Are you willing to admit you trust men rather than God?


If you mean a plain reading arrives at a 6000 year old earth, then here's a little news. The conservative evangelist F. Schaeffer, who taught at Westminster in Philadelphia back in the 40s, demonstrates how many times there are skips in the genealogies of the Bible. Given that and the preponderance of evidence with an ice age ending 9000 years back (connected with a worldwide deluge in most cultures), the segment from Adam to Noah would then take us back to under 15,000 back. This is the near end of where most anthropologists put the arrival of homo sapiens.
 

1Mind1Spirit

Literal lunatic
If you mean a plain reading arrives at a 6000 year old earth, then here's a little news.

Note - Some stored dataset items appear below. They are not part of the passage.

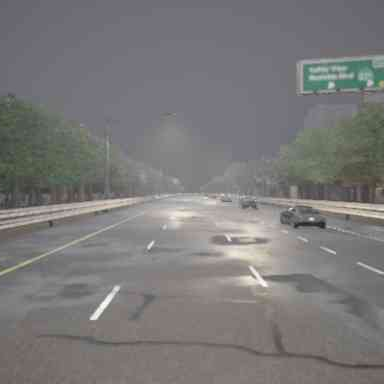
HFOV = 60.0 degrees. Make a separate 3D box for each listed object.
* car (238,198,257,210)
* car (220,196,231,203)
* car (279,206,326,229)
[{"bbox_3d":[7.035,1.495,42.340,1.837,1.490,4.892,0,0,0],"label":"car"},{"bbox_3d":[7.062,1.541,70.152,1.994,1.385,4.181,0,0,0],"label":"car"},{"bbox_3d":[7.017,1.561,21.503,1.994,1.385,4.181,0,0,0],"label":"car"}]
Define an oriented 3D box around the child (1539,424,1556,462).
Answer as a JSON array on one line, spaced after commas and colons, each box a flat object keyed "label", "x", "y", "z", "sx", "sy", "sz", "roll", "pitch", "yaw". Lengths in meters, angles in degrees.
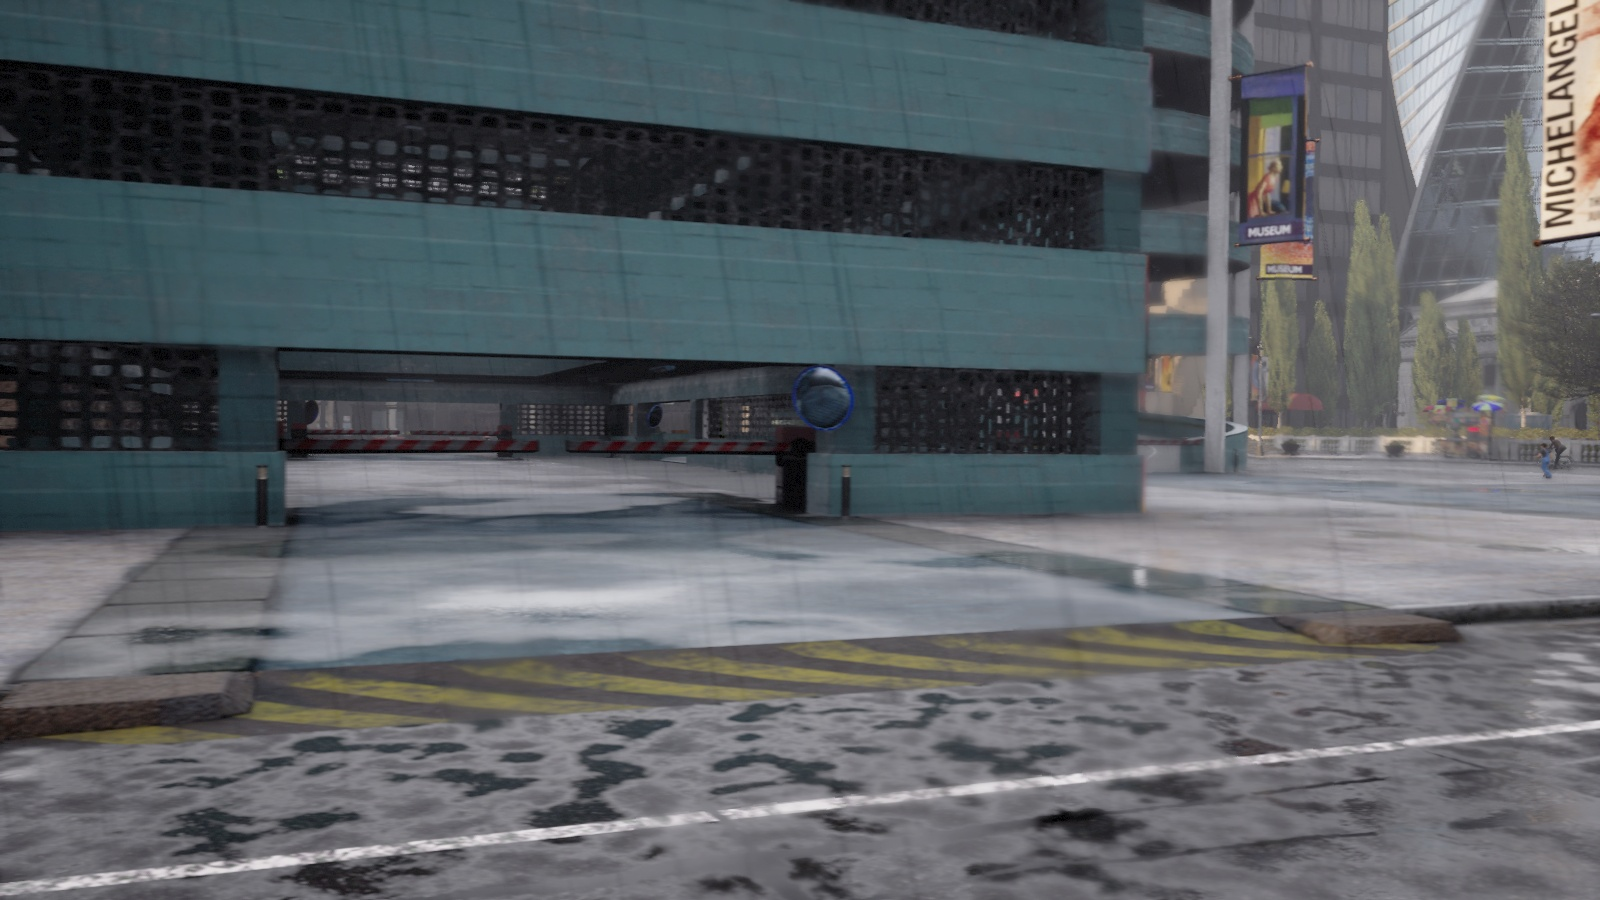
[{"label": "child", "x": 25.497, "y": -0.240, "z": 42.846, "sx": 0.270, "sy": 1.263, "sz": 0.437, "roll": -1, "pitch": 1, "yaw": -27}]
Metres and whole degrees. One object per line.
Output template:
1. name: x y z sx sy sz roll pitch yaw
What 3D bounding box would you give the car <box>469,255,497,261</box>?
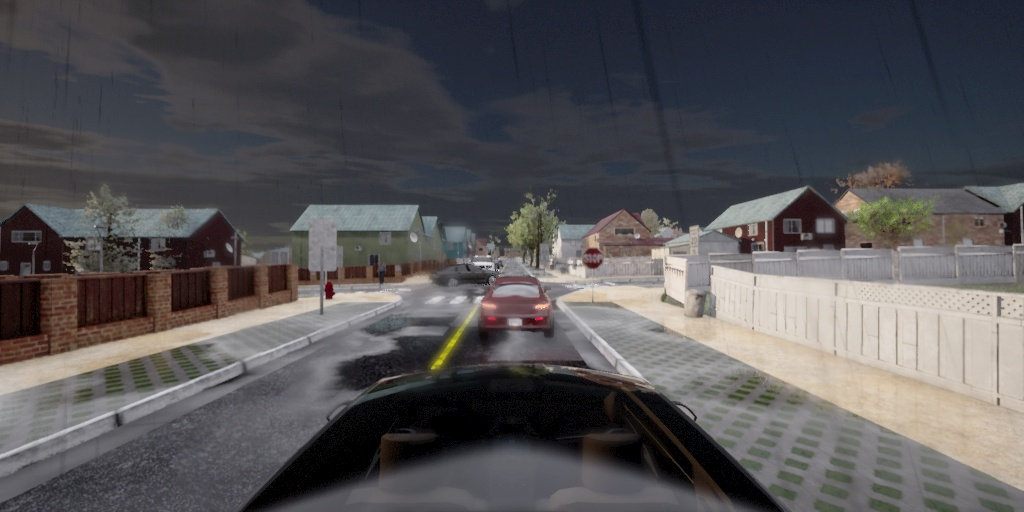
1. car: -2.819 0.962 34.330 2.150 2.045 5.566 0 0 0

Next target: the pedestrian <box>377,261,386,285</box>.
1. pedestrian: -9.680 1.203 26.514 0.375 1.860 0.375 0 0 0

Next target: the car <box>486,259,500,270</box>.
1. car: -2.817 1.207 54.702 1.882 1.535 5.008 0 0 0

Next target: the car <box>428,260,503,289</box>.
1. car: -3.044 1.270 23.567 4.892 1.490 1.837 -1 1 -36

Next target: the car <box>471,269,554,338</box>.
1. car: 0.138 1.275 10.089 1.812 1.442 4.674 0 0 2
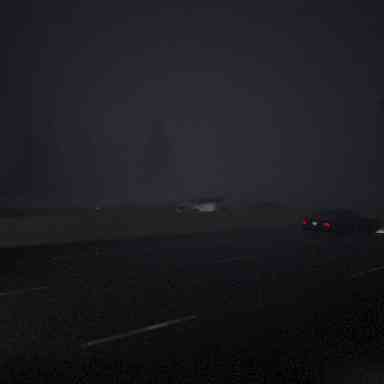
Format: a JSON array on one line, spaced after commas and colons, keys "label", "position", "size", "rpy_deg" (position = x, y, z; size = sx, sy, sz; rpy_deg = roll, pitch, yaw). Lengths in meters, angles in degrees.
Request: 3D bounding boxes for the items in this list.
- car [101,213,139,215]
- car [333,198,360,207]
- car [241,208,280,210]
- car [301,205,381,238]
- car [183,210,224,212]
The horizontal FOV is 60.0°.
[{"label": "car", "position": [-7.109, 1.676, 33.311], "size": [4.718, 1.301, 1.895], "rpy_deg": [0, 0, -35]}, {"label": "car", "position": [26.654, 1.803, 57.309], "size": [5.008, 1.535, 1.882], "rpy_deg": [0, 0, -35]}, {"label": "car", "position": [6.196, 1.632, 29.893], "size": [4.892, 1.490, 1.837], "rpy_deg": [1, 0, -35]}, {"label": "car", "position": [8.223, 1.645, 18.215], "size": [5.357, 1.411, 2.033], "rpy_deg": [0, 0, -36]}, {"label": "car", "position": [1.153, 1.324, 30.607], "size": [5.566, 2.045, 2.150], "rpy_deg": [0, 0, -35]}]
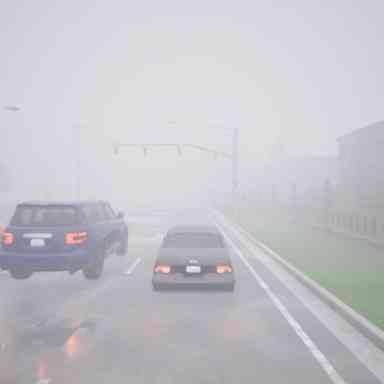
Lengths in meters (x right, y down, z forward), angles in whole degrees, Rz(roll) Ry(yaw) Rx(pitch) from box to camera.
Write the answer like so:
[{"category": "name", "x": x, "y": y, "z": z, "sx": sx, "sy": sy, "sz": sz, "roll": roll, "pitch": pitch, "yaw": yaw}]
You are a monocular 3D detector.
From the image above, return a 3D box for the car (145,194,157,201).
[{"category": "car", "x": -10.645, "y": 1.553, "z": 82.995, "sx": 1.812, "sy": 1.442, "sz": 4.674, "roll": 0, "pitch": 0, "yaw": 0}]

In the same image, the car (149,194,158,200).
[{"category": "car", "x": -10.663, "y": 1.350, "z": 92.998, "sx": 1.882, "sy": 1.535, "sz": 5.008, "roll": 0, "pitch": 0, "yaw": 0}]

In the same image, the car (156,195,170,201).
[{"category": "car", "x": -7.145, "y": 1.623, "z": 83.031, "sx": 1.895, "sy": 1.301, "sz": 4.718, "roll": 0, "pitch": 0, "yaw": 0}]

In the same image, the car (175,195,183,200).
[{"category": "car", "x": -3.663, "y": 1.468, "z": 93.040, "sx": 1.895, "sy": 1.301, "sz": 4.718, "roll": 0, "pitch": 0, "yaw": 0}]

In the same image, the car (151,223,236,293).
[{"category": "car", "x": 0.042, "y": 1.551, "z": 8.980, "sx": 2.033, "sy": 1.411, "sz": 5.357, "roll": 0, "pitch": 0, "yaw": 0}]

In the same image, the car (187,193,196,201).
[{"category": "car", "x": -0.144, "y": 1.252, "z": 82.627, "sx": 2.150, "sy": 2.045, "sz": 5.566, "roll": 0, "pitch": 0, "yaw": 0}]

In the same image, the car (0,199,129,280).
[{"category": "car", "x": -3.451, "y": 1.226, "z": 10.135, "sx": 2.150, "sy": 2.045, "sz": 5.566, "roll": 0, "pitch": 0, "yaw": 0}]

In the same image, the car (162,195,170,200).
[{"category": "car", "x": -7.163, "y": 1.425, "z": 93.004, "sx": 1.994, "sy": 1.385, "sz": 4.181, "roll": 0, "pitch": 0, "yaw": 0}]

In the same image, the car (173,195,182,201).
[{"category": "car", "x": -3.644, "y": 1.505, "z": 82.590, "sx": 1.882, "sy": 1.535, "sz": 5.008, "roll": 0, "pitch": 0, "yaw": 0}]
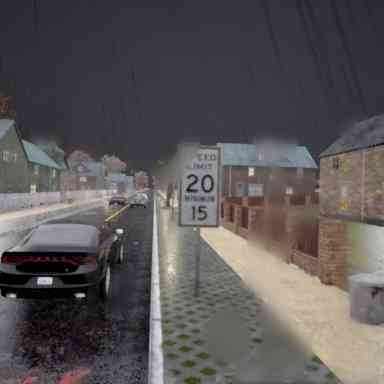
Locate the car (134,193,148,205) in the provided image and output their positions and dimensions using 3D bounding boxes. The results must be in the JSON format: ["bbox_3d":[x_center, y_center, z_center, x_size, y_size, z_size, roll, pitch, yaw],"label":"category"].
[{"bbox_3d":[-7.335,0.970,48.291,1.812,1.442,4.674,2,0,-6],"label":"car"}]

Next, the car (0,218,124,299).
[{"bbox_3d":[-2.825,1.365,8.230,1.882,1.535,5.008,2,0,-6],"label":"car"}]

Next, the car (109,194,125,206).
[{"bbox_3d":[-9.497,0.973,42.905,2.033,1.411,5.357,2,0,-6],"label":"car"}]

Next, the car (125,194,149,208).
[{"bbox_3d":[-6.198,1.102,38.659,2.033,1.411,5.357,2,0,-6],"label":"car"}]
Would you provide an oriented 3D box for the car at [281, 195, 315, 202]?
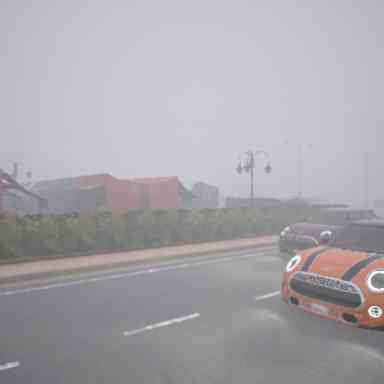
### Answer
[{"bbox_3d":[13.865,1.370,45.539,1.932,1.855,4.605,0,0,-36],"label":"car"}]

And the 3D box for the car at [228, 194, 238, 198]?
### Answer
[{"bbox_3d":[8.410,1.441,81.842,1.932,1.855,4.605,0,0,-36],"label":"car"}]

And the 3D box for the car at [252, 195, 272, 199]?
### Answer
[{"bbox_3d":[14.125,1.660,64.466,1.970,1.475,3.806,0,0,-36],"label":"car"}]

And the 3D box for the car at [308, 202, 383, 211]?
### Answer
[{"bbox_3d":[5.279,1.400,12.246,4.553,1.767,2.097,0,0,-36],"label":"car"}]

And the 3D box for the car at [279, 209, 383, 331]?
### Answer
[{"bbox_3d":[3.943,1.382,6.912,4.553,1.767,2.097,0,0,-36],"label":"car"}]

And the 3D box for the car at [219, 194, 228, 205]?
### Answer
[{"bbox_3d":[6.038,1.432,80.183,1.905,1.878,3.866,0,0,-36],"label":"car"}]

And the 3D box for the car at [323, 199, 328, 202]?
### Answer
[{"bbox_3d":[18.346,1.635,48.861,1.970,1.475,3.806,0,0,-36],"label":"car"}]

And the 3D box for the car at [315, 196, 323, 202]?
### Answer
[{"bbox_3d":[16.004,1.592,47.158,1.784,1.438,3.905,0,0,-36],"label":"car"}]
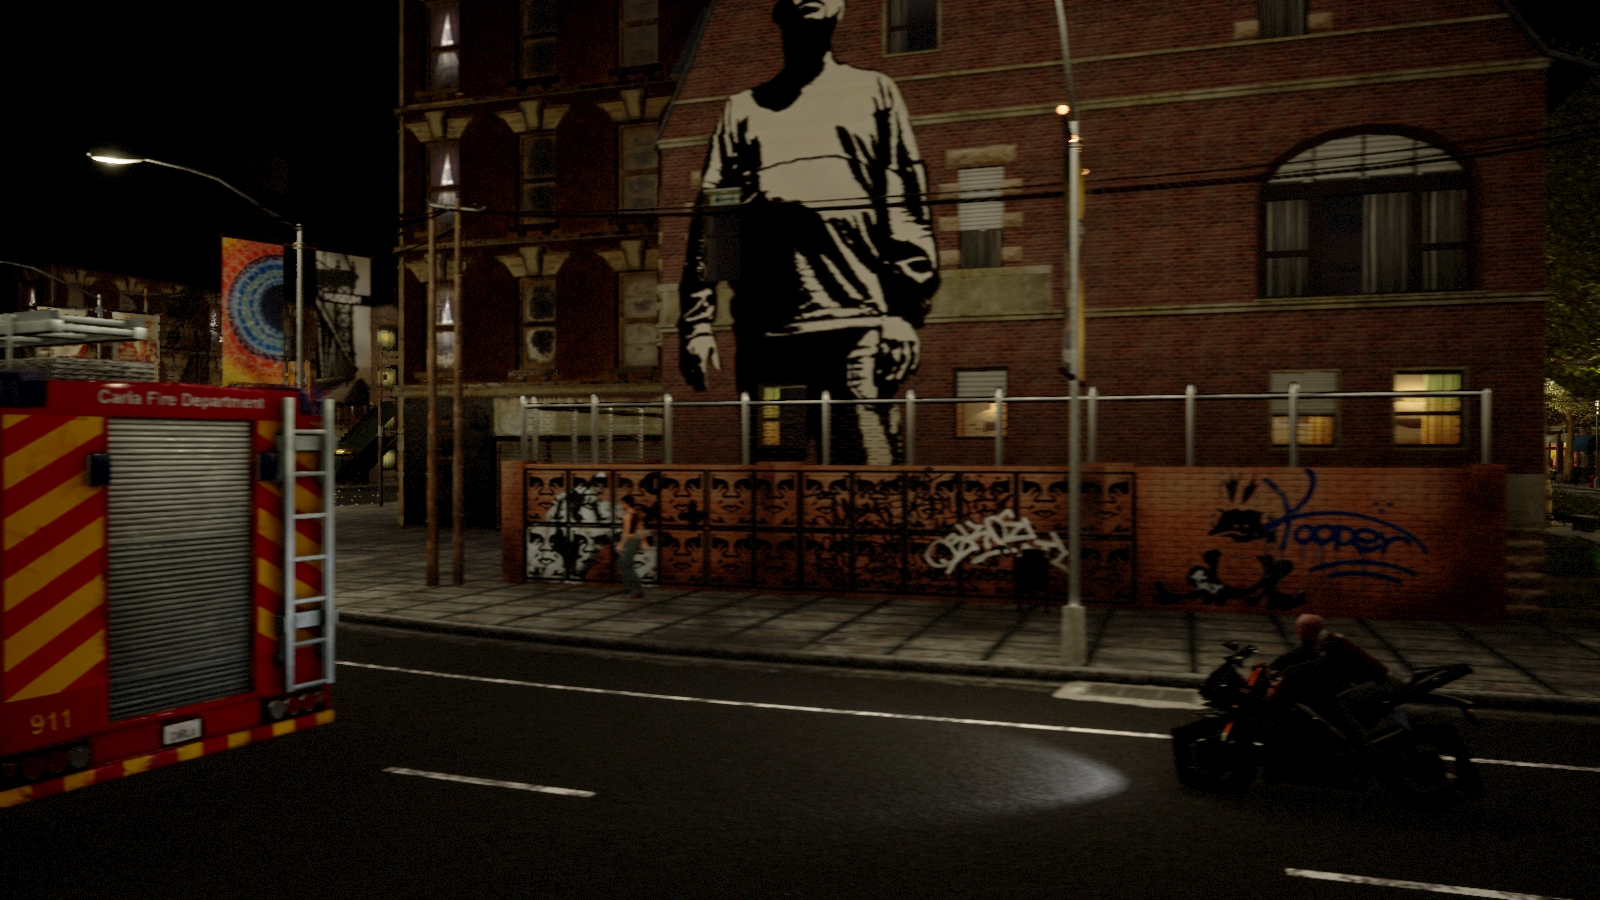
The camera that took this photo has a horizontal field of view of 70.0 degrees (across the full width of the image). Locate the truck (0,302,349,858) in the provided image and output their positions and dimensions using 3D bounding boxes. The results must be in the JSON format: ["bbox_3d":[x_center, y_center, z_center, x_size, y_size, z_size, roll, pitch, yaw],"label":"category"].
[{"bbox_3d":[-8.558,0.891,11.062,8.468,3.827,2.891,0,0,27],"label":"truck"}]

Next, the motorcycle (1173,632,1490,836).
[{"bbox_3d":[4.153,2.206,9.141,2.209,1.251,0.867,0,0,19],"label":"motorcycle"}]

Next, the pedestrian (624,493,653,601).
[{"bbox_3d":[-2.841,1.699,20.100,0.375,1.860,0.375,0,0,18],"label":"pedestrian"}]
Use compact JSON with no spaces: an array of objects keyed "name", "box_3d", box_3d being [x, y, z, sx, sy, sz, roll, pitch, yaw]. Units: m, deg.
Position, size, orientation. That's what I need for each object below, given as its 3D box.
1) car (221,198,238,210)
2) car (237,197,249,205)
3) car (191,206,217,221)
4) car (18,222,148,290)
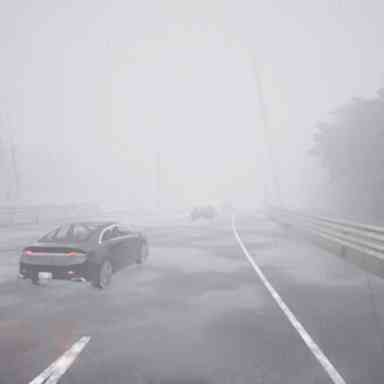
[{"name":"car","box_3d":[5.773,2.080,53.143,2.033,1.411,5.357,0,-1,12]},{"name":"car","box_3d":[12.006,2.414,80.298,1.895,1.301,4.718,0,-1,14]},{"name":"car","box_3d":[1.218,1.913,30.923,1.895,1.301,4.718,0,-1,11]},{"name":"car","box_3d":[-2.709,1.589,9.487,2.128,1.511,4.902,0,-1,10]}]
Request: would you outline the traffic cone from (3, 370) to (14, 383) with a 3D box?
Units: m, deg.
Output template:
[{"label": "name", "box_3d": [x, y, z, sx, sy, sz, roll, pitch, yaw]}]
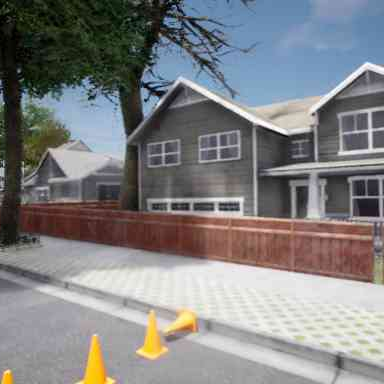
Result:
[{"label": "traffic cone", "box_3d": [-1.718, 1.968, 3.101, 0.340, 0.580, 0.340, 0, 0, 35]}]

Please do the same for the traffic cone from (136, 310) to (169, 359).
[{"label": "traffic cone", "box_3d": [-0.567, 1.977, 4.735, 0.340, 0.580, 0.340, 0, 0, 35]}]

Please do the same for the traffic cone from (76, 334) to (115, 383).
[{"label": "traffic cone", "box_3d": [-1.143, 1.972, 3.918, 0.340, 0.580, 0.340, 0, 0, 35]}]
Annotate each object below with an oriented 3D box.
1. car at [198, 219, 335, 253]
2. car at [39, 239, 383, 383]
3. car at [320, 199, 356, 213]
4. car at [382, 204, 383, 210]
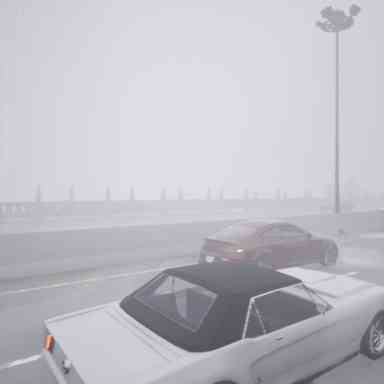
[{"bbox_3d":[2.331,1.526,9.711,4.674,1.442,1.812,0,0,-36],"label":"car"},{"bbox_3d":[0.753,1.601,4.285,4.718,1.301,1.895,0,0,-36],"label":"car"},{"bbox_3d":[16.344,1.512,37.147,5.008,1.535,1.882,0,0,-35],"label":"car"},{"bbox_3d":[23.842,1.402,38.189,4.553,1.767,2.097,0,0,-35],"label":"car"}]
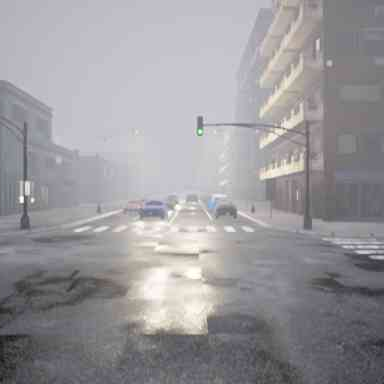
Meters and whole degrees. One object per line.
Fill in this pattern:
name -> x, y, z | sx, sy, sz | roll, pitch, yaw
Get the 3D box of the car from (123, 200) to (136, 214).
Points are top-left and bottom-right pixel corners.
car -> -5.663, 1.412, 33.027 | 1.802, 1.307, 4.206 | 1, 0, 0

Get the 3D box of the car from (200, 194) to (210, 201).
car -> 2.737, 1.169, 72.124 | 1.947, 1.339, 4.313 | 1, 0, 0

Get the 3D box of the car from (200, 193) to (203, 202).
car -> 2.729, 1.230, 55.551 | 1.752, 1.417, 4.829 | 1, 0, 0

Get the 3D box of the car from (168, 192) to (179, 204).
car -> -3.038, 1.229, 52.304 | 1.837, 1.490, 4.892 | 0, 0, 0

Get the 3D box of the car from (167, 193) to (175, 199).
car -> -5.635, 1.061, 88.828 | 1.947, 1.339, 4.313 | 1, 0, 0

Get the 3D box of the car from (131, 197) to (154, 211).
car -> -5.660, 1.345, 38.608 | 1.887, 1.381, 4.507 | 1, 0, 0

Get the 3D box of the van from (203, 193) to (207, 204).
van -> 2.726, 1.110, 44.220 | 1.690, 1.788, 3.998 | 1, 0, 0

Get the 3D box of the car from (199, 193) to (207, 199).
car -> 2.743, 1.076, 83.286 | 1.887, 1.381, 4.507 | 1, 0, 0

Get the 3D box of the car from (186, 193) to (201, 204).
car -> 0.028, 1.046, 57.350 | 2.097, 1.767, 4.553 | 0, 0, 0

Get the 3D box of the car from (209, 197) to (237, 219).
car -> 2.715, 1.411, 27.479 | 2.008, 1.369, 4.403 | 1, 0, 0

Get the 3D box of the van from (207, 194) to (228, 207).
van -> 2.721, 1.171, 33.057 | 1.690, 1.788, 3.998 | 1, 0, 0

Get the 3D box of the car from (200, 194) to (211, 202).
car -> 2.734, 1.204, 66.543 | 1.947, 1.339, 4.313 | 1, 0, 0

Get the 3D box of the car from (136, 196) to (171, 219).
car -> -3.078, 1.338, 27.451 | 1.882, 1.535, 5.008 | 0, 0, 0

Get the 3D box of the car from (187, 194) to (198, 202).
car -> 0.031, 1.124, 67.387 | 2.128, 1.511, 4.902 | 0, 0, 0

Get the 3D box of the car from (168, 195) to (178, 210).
car -> -3.068, 1.365, 38.343 | 1.994, 1.385, 4.181 | 0, 0, 0

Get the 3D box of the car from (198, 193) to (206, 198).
car -> 2.748, 1.009, 94.447 | 2.008, 1.369, 4.403 | 1, 0, 0

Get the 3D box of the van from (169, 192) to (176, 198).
van -> -5.628, 0.800, 94.408 | 1.690, 1.788, 3.998 | 1, 0, 0

The conservative evangelist F. Schaeffer, who taught at Westminster in Philadelphia back in the 40s, demonstrates how many times there are skips in the genealogies of the Bible. Given that and the preponderance of evidence with an ice age ending 9000 years back (connected with a worldwide deluge in most cultures), the segment from Adam to Noah would then take us back to under 15,000 back. This is the near end of where most anthropologists put the arrival of homo sapiens.



There is no gap in genealogies.

:blabla::blabla::blabla:
 

Interplanner

Well-known member
Sorry, but as I recall he demonstrated it from skips in Luke and Matthew that omitted certain figures, yet ended at the same time. Also, the extensions were built on the phrase 'in his generation' or 'and their generations'.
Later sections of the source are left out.